When Iran’s Ayatollah Ruhollah Khomeini issued a fatwa against “Satanic Verses” author Salman Rushdie in 1989 for “blasphemy” against Islam, the reaction was swift: Rushdie repented and killed the paperback edition of his novel, lest he be killed himself. As the BBC put it in 1990, “He renewed his faith in Islam on Christmas Eve and disassociated himself from the anti-Muslim sentiments expressed by characters in his book.”
Not that his obsequiousness did him any good. Ayatollah Ali Khamenei, Khomeini’s successor, pronounced the fatwa a “divine ruling” that couldn’t be withdrawn even if Rushdie “repents and becomes the most pious man of his time.”
Since then, intolerance among Islamists in Europe has grown to the point that public figures are cowed by the constant threat of violence, often acted upon, should anyone insult the faith — “insult” being defined as disagreeing with its precepts or refusing to live by its mores.
Just last month, Muslim leaders in the U.K. demanded public holidays to mark religious festivals and to implement Islamic family law; they warned government officials that they wouldn’t be treated like “patsies” to publicly defend the war in Iraq or Britain’s policies in Lebanon.

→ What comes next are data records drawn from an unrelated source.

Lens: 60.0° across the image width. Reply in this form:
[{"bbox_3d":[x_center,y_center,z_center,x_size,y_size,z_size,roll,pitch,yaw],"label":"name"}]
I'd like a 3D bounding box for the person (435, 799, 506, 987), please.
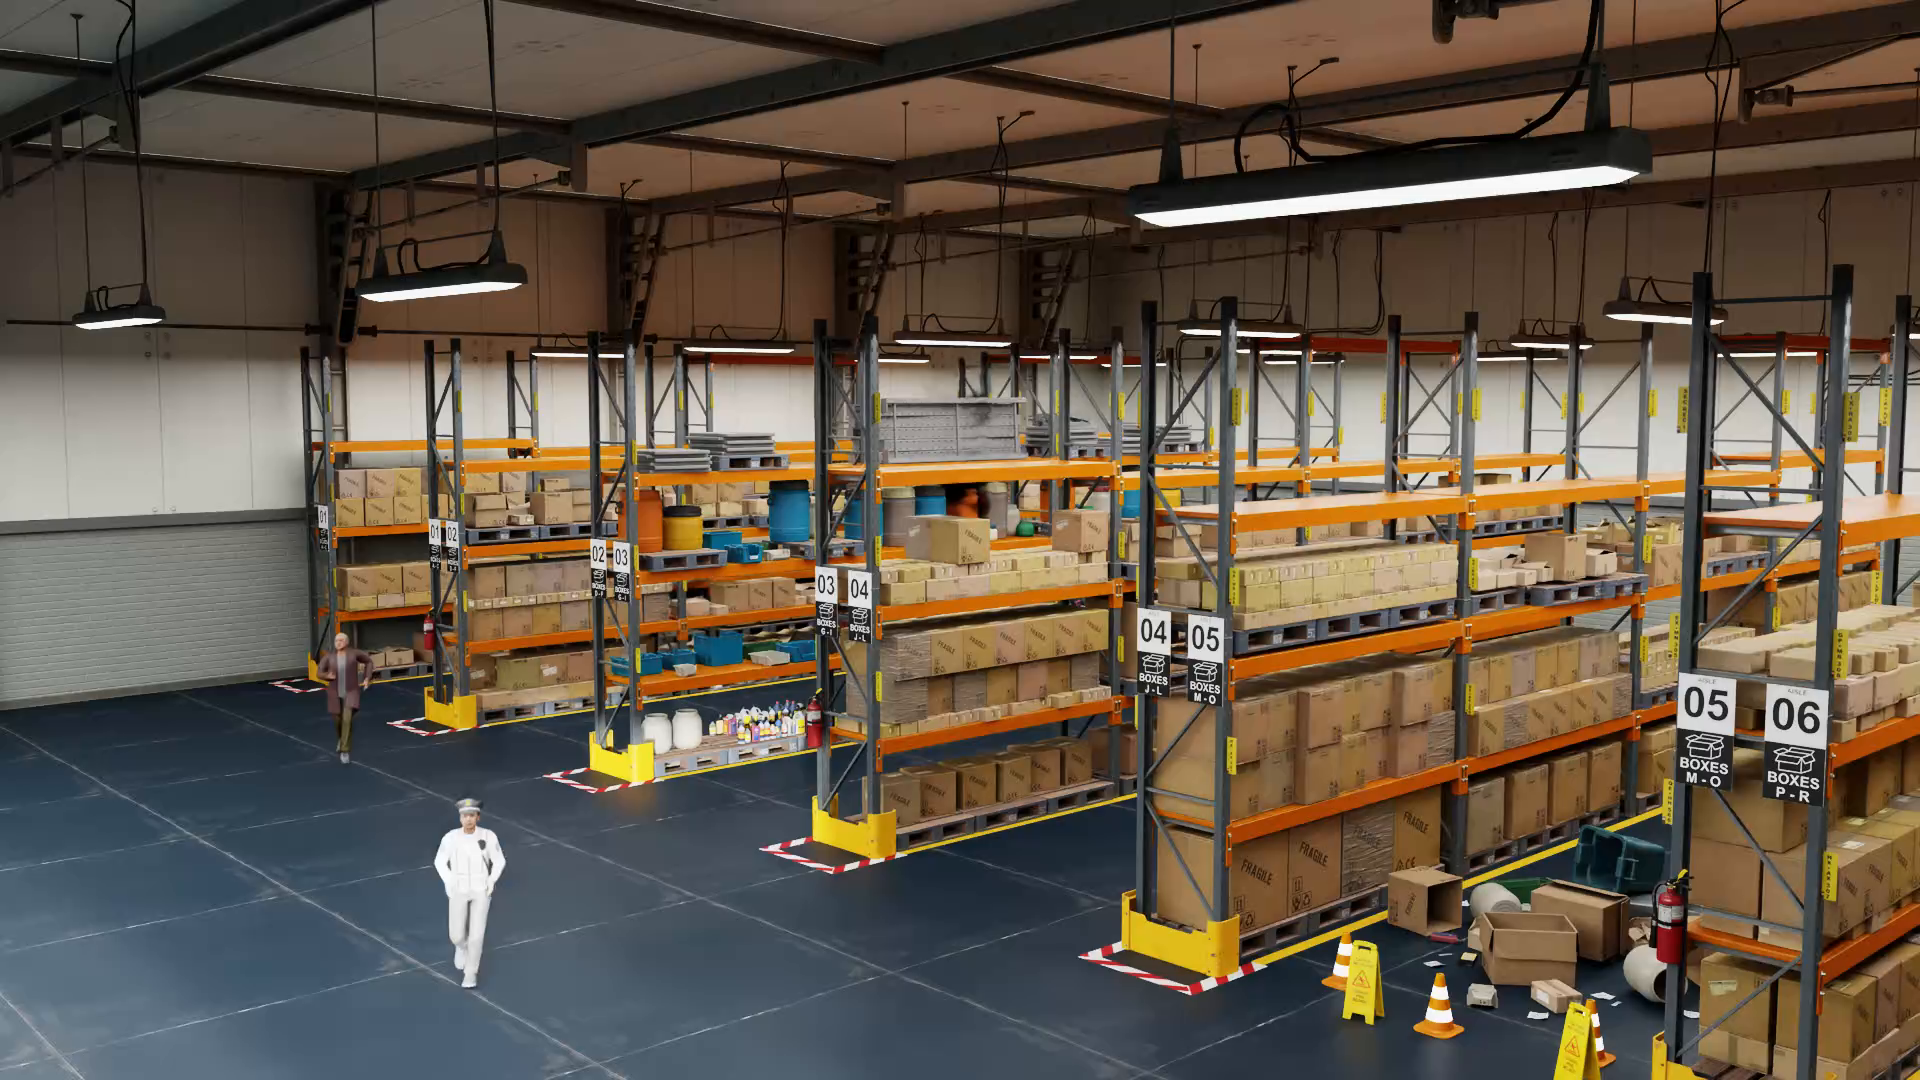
[{"bbox_3d":[-4.281,3.065,14.553,0.600,1.645,0.541,-1,5,-15],"label":"person"}]

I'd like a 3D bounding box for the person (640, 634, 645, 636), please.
[{"bbox_3d":[-5.883,1.657,30.299,0.683,1.704,0.580,-4,7,-41],"label":"person"}]

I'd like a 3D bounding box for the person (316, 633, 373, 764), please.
[{"bbox_3d":[-8.717,2.194,23.516,0.731,1.756,1.100,-1,5,-9],"label":"person"}]
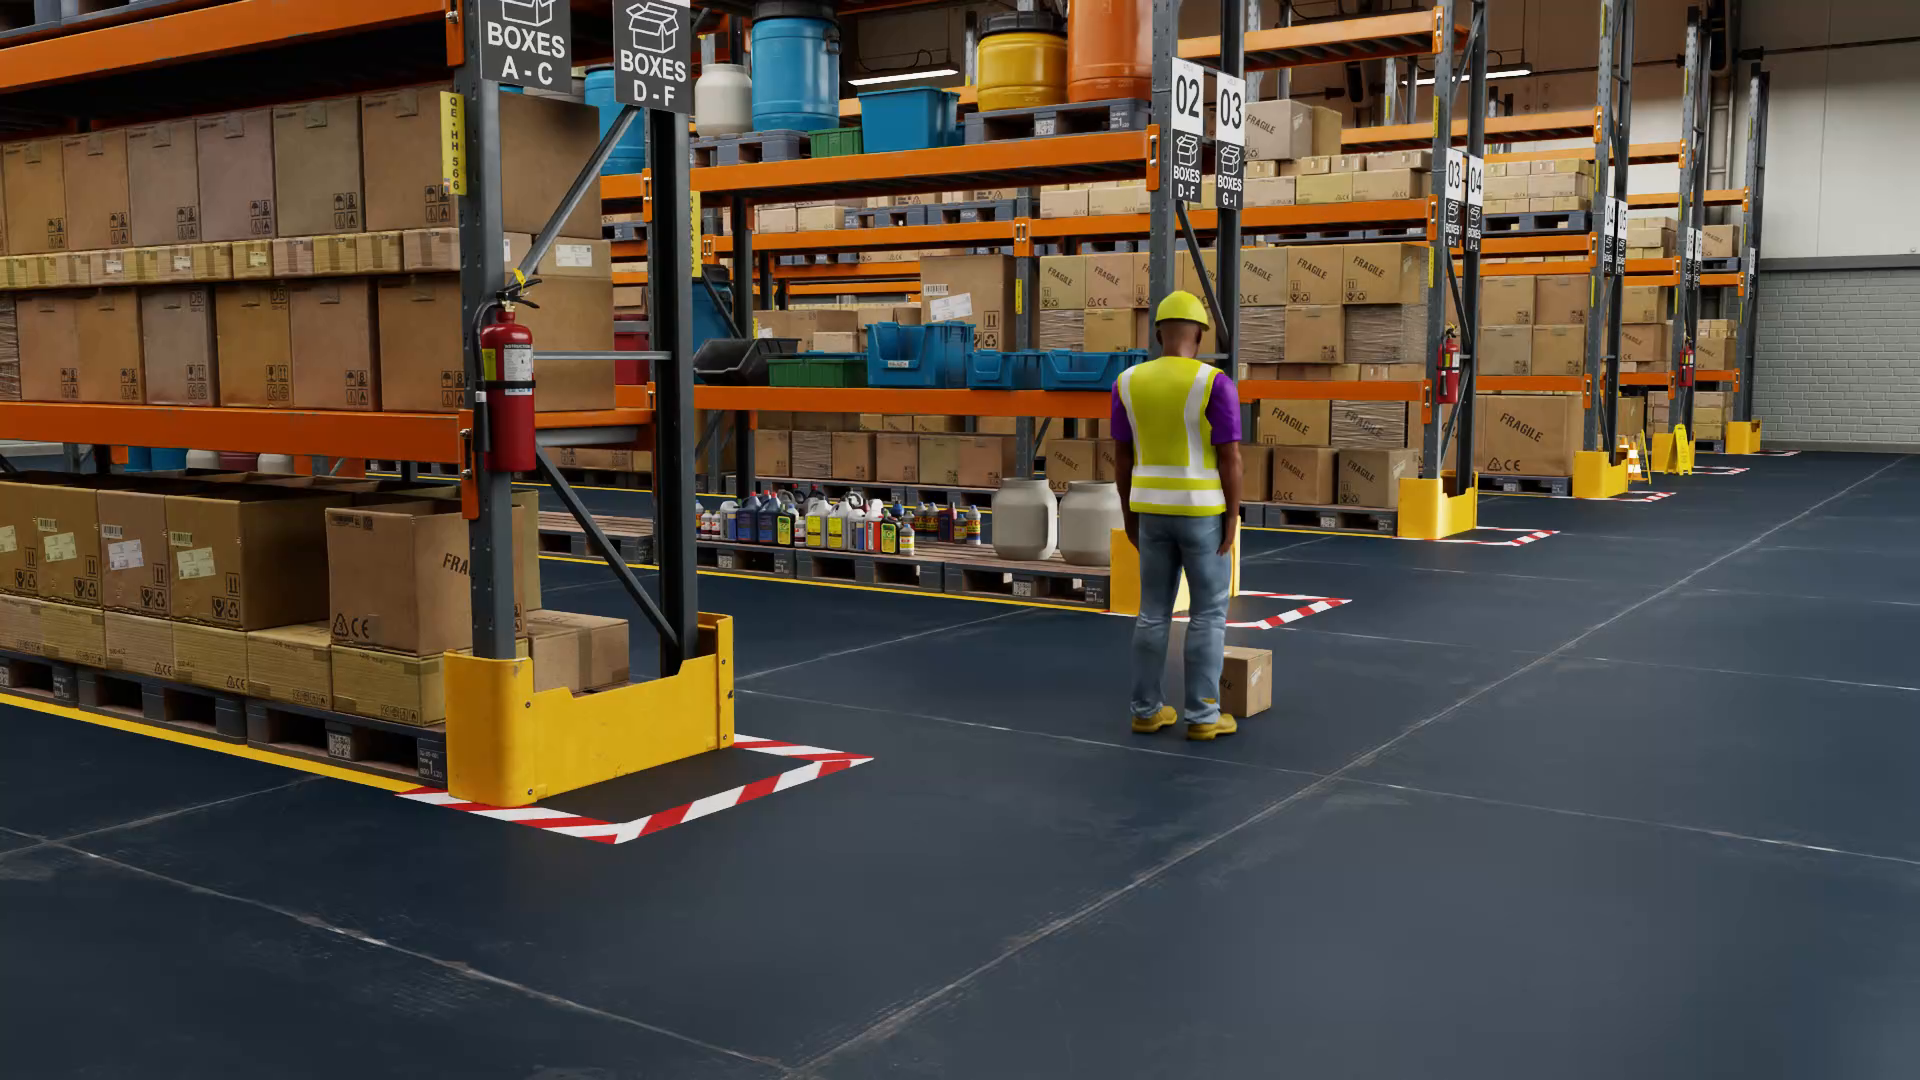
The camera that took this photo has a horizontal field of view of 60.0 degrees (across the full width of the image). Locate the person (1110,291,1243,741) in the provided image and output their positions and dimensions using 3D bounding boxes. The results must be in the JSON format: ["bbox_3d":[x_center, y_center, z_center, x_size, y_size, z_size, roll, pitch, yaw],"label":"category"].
[{"bbox_3d":[0.872,-0.104,6.636,0.566,1.762,0.360,4,8,35],"label":"person"}]

Worse, this effort to legitimize the implementation of sharia (Islamic law) in a Western country was proclaimed as part of an effort to prevent further terrorist acts. Inayat Bunglawala, of the Muslim Council of Britain, said of his talks with Ruth Kelly, the government’s communities secretary: “We accepted on our side there are issues with extremism. However, we need better to understand how it is otherwise ordinary young minds are becoming radicalized.”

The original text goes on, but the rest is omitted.